• _What the exercise asks_: Your task is to find every line of the listing that includes "from" and copy it.

• _Data_:
---

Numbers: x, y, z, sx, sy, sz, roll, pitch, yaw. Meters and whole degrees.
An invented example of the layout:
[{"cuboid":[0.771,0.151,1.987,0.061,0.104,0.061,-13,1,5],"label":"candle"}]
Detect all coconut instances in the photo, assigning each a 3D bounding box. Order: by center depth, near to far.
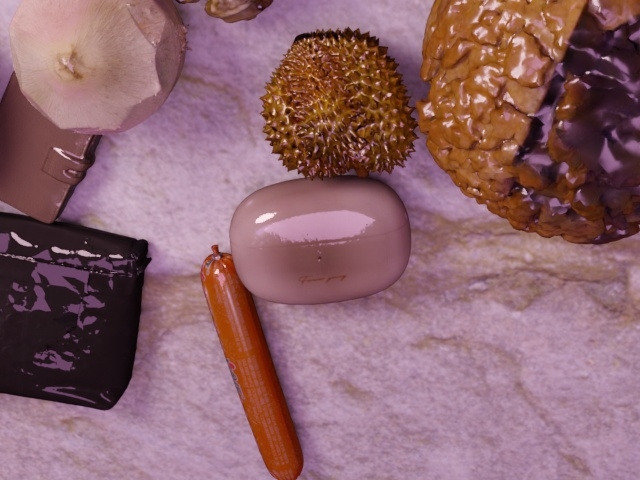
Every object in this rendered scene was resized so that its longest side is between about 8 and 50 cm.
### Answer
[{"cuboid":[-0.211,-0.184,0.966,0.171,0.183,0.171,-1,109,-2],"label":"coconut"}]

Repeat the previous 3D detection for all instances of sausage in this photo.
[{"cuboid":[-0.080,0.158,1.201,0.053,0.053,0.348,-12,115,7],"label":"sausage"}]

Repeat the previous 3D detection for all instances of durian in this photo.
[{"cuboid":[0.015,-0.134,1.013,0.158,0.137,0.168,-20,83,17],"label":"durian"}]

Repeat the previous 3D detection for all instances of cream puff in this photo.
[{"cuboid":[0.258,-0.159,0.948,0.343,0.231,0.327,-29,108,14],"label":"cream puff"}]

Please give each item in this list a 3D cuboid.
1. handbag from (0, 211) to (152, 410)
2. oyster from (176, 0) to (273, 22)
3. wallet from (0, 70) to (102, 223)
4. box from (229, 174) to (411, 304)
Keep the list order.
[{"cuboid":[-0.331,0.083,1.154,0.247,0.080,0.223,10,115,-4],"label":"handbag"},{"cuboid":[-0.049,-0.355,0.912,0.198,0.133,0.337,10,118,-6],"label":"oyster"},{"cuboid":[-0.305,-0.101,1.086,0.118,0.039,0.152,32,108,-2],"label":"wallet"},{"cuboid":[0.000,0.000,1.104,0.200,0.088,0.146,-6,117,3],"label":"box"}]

---

• _Result for this task_:
1. handbag from (0, 211) to (152, 410)
2. oyster from (176, 0) to (273, 22)
3. wallet from (0, 70) to (102, 223)
4. box from (229, 174) to (411, 304)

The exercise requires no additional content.